▶ **Exercise goal**:
Within the data that follows, set down exactly the lines from the one containing "Give a very brief answer. 1.32." through the one containing "Keep it short and to the point. 1.09.", both ends included.

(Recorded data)

┌──

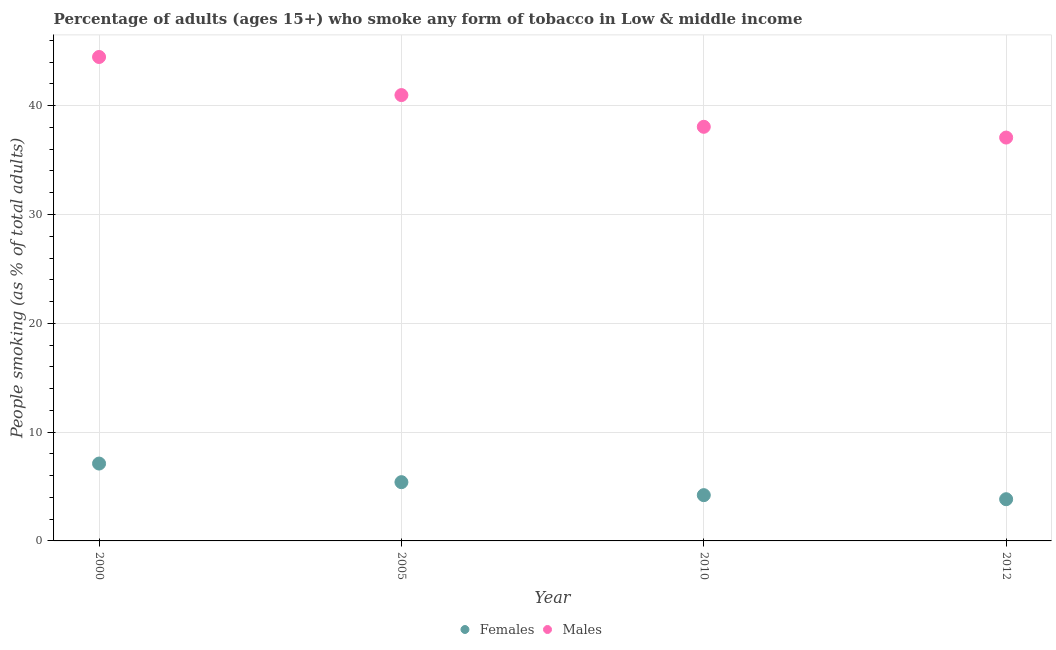Is the number of dotlines equal to the number of legend labels?
Give a very brief answer. Yes. What is the percentage of males who smoke in 2010?
Offer a very short reply. 38.06. Across all years, what is the maximum percentage of females who smoke?
Your answer should be very brief. 7.11. Across all years, what is the minimum percentage of females who smoke?
Ensure brevity in your answer.  3.83. In which year was the percentage of males who smoke minimum?
Your answer should be very brief. 2012. What is the total percentage of females who smoke in the graph?
Offer a terse response. 20.55. What is the difference between the percentage of males who smoke in 2010 and that in 2012?
Make the answer very short. 0.99. What is the difference between the percentage of females who smoke in 2010 and the percentage of males who smoke in 2000?
Provide a short and direct response. -40.27. What is the average percentage of females who smoke per year?
Offer a very short reply. 5.14. In the year 2000, what is the difference between the percentage of females who smoke and percentage of males who smoke?
Ensure brevity in your answer.  -37.37. In how many years, is the percentage of females who smoke greater than 14 %?
Offer a very short reply. 0. What is the ratio of the percentage of males who smoke in 2005 to that in 2010?
Offer a very short reply. 1.08. Is the percentage of males who smoke in 2000 less than that in 2010?
Make the answer very short. No. Is the difference between the percentage of males who smoke in 2005 and 2010 greater than the difference between the percentage of females who smoke in 2005 and 2010?
Offer a very short reply. Yes. What is the difference between the highest and the second highest percentage of females who smoke?
Give a very brief answer. 1.71. What is the difference between the highest and the lowest percentage of males who smoke?
Offer a very short reply. 7.41. Does the percentage of males who smoke monotonically increase over the years?
Provide a succinct answer. No. Is the percentage of females who smoke strictly greater than the percentage of males who smoke over the years?
Provide a short and direct response. No. How many dotlines are there?
Offer a terse response. 2. How many years are there in the graph?
Offer a very short reply. 4. Does the graph contain grids?
Keep it short and to the point. Yes. Where does the legend appear in the graph?
Give a very brief answer. Bottom center. How are the legend labels stacked?
Your answer should be compact. Horizontal. What is the title of the graph?
Provide a short and direct response. Percentage of adults (ages 15+) who smoke any form of tobacco in Low & middle income. What is the label or title of the Y-axis?
Your answer should be compact. People smoking (as % of total adults). What is the People smoking (as % of total adults) of Females in 2000?
Ensure brevity in your answer.  7.11. What is the People smoking (as % of total adults) in Males in 2000?
Make the answer very short. 44.48. What is the People smoking (as % of total adults) of Females in 2005?
Ensure brevity in your answer.  5.4. What is the People smoking (as % of total adults) of Males in 2005?
Offer a terse response. 40.98. What is the People smoking (as % of total adults) in Females in 2010?
Provide a succinct answer. 4.21. What is the People smoking (as % of total adults) in Males in 2010?
Give a very brief answer. 38.06. What is the People smoking (as % of total adults) in Females in 2012?
Make the answer very short. 3.83. What is the People smoking (as % of total adults) in Males in 2012?
Your answer should be compact. 37.07. Across all years, what is the maximum People smoking (as % of total adults) in Females?
Ensure brevity in your answer.  7.11. Across all years, what is the maximum People smoking (as % of total adults) in Males?
Offer a terse response. 44.48. Across all years, what is the minimum People smoking (as % of total adults) of Females?
Your answer should be very brief. 3.83. Across all years, what is the minimum People smoking (as % of total adults) of Males?
Make the answer very short. 37.07. What is the total People smoking (as % of total adults) of Females in the graph?
Give a very brief answer. 20.55. What is the total People smoking (as % of total adults) of Males in the graph?
Offer a terse response. 160.59. What is the difference between the People smoking (as % of total adults) in Females in 2000 and that in 2005?
Give a very brief answer. 1.71. What is the difference between the People smoking (as % of total adults) of Males in 2000 and that in 2005?
Provide a succinct answer. 3.5. What is the difference between the People smoking (as % of total adults) of Females in 2000 and that in 2010?
Ensure brevity in your answer.  2.9. What is the difference between the People smoking (as % of total adults) of Males in 2000 and that in 2010?
Ensure brevity in your answer.  6.42. What is the difference between the People smoking (as % of total adults) in Females in 2000 and that in 2012?
Provide a short and direct response. 3.28. What is the difference between the People smoking (as % of total adults) in Males in 2000 and that in 2012?
Give a very brief answer. 7.41. What is the difference between the People smoking (as % of total adults) in Females in 2005 and that in 2010?
Offer a terse response. 1.19. What is the difference between the People smoking (as % of total adults) in Males in 2005 and that in 2010?
Your answer should be very brief. 2.91. What is the difference between the People smoking (as % of total adults) in Females in 2005 and that in 2012?
Your response must be concise. 1.57. What is the difference between the People smoking (as % of total adults) of Males in 2005 and that in 2012?
Make the answer very short. 3.9. What is the difference between the People smoking (as % of total adults) in Females in 2010 and that in 2012?
Your answer should be very brief. 0.37. What is the difference between the People smoking (as % of total adults) in Males in 2010 and that in 2012?
Keep it short and to the point. 0.99. What is the difference between the People smoking (as % of total adults) in Females in 2000 and the People smoking (as % of total adults) in Males in 2005?
Offer a terse response. -33.87. What is the difference between the People smoking (as % of total adults) of Females in 2000 and the People smoking (as % of total adults) of Males in 2010?
Your answer should be compact. -30.95. What is the difference between the People smoking (as % of total adults) of Females in 2000 and the People smoking (as % of total adults) of Males in 2012?
Ensure brevity in your answer.  -29.96. What is the difference between the People smoking (as % of total adults) in Females in 2005 and the People smoking (as % of total adults) in Males in 2010?
Your response must be concise. -32.66. What is the difference between the People smoking (as % of total adults) in Females in 2005 and the People smoking (as % of total adults) in Males in 2012?
Give a very brief answer. -31.67. What is the difference between the People smoking (as % of total adults) in Females in 2010 and the People smoking (as % of total adults) in Males in 2012?
Give a very brief answer. -32.87. What is the average People smoking (as % of total adults) in Females per year?
Provide a succinct answer. 5.14. What is the average People smoking (as % of total adults) in Males per year?
Your response must be concise. 40.15. In the year 2000, what is the difference between the People smoking (as % of total adults) in Females and People smoking (as % of total adults) in Males?
Provide a succinct answer. -37.37. In the year 2005, what is the difference between the People smoking (as % of total adults) in Females and People smoking (as % of total adults) in Males?
Your answer should be compact. -35.58. In the year 2010, what is the difference between the People smoking (as % of total adults) of Females and People smoking (as % of total adults) of Males?
Make the answer very short. -33.86. In the year 2012, what is the difference between the People smoking (as % of total adults) of Females and People smoking (as % of total adults) of Males?
Your answer should be very brief. -33.24. What is the ratio of the People smoking (as % of total adults) of Females in 2000 to that in 2005?
Give a very brief answer. 1.32. What is the ratio of the People smoking (as % of total adults) of Males in 2000 to that in 2005?
Keep it short and to the point. 1.09. What is the ratio of the People smoking (as % of total adults) of Females in 2000 to that in 2010?
Offer a very short reply. 1.69. What is the ratio of the People smoking (as % of total adults) of Males in 2000 to that in 2010?
Give a very brief answer. 1.17. What is the ratio of the People smoking (as % of total adults) in Females in 2000 to that in 2012?
Give a very brief answer. 1.85. What is the ratio of the People smoking (as % of total adults) of Males in 2000 to that in 2012?
Provide a short and direct response. 1.2. What is the ratio of the People smoking (as % of total adults) in Females in 2005 to that in 2010?
Provide a succinct answer. 1.28. What is the ratio of the People smoking (as % of total adults) in Males in 2005 to that in 2010?
Give a very brief answer. 1.08. What is the ratio of the People smoking (as % of total adults) in Females in 2005 to that in 2012?
Your answer should be compact. 1.41. What is the ratio of the People smoking (as % of total adults) in Males in 2005 to that in 2012?
Give a very brief answer. 1.11. What is the ratio of the People smoking (as % of total adults) of Females in 2010 to that in 2012?
Your response must be concise. 1.1. What is the ratio of the People smoking (as % of total adults) in Males in 2010 to that in 2012?
Your answer should be compact. 1.03. What is the difference between the highest and the second highest People smoking (as % of total adults) of Females?
Offer a terse response. 1.71. What is the difference between the highest and the second highest People smoking (as % of total adults) of Males?
Ensure brevity in your answer.  3.5. What is the difference between the highest and the lowest People smoking (as % of total adults) of Females?
Offer a very short reply. 3.28. What is the difference between the highest and the lowest People smoking (as % of total adults) in Males?
Make the answer very short. 7.41.

└──

▶ **Exercise response**:
Give a very brief answer. 1.32. What is the ratio of the People smoking (as % of total adults) of Males in 2000 to that in 2005?
Keep it short and to the point. 1.09. What is the ratio of the People smoking (as % of total adults) of Females in 2000 to that in 2010?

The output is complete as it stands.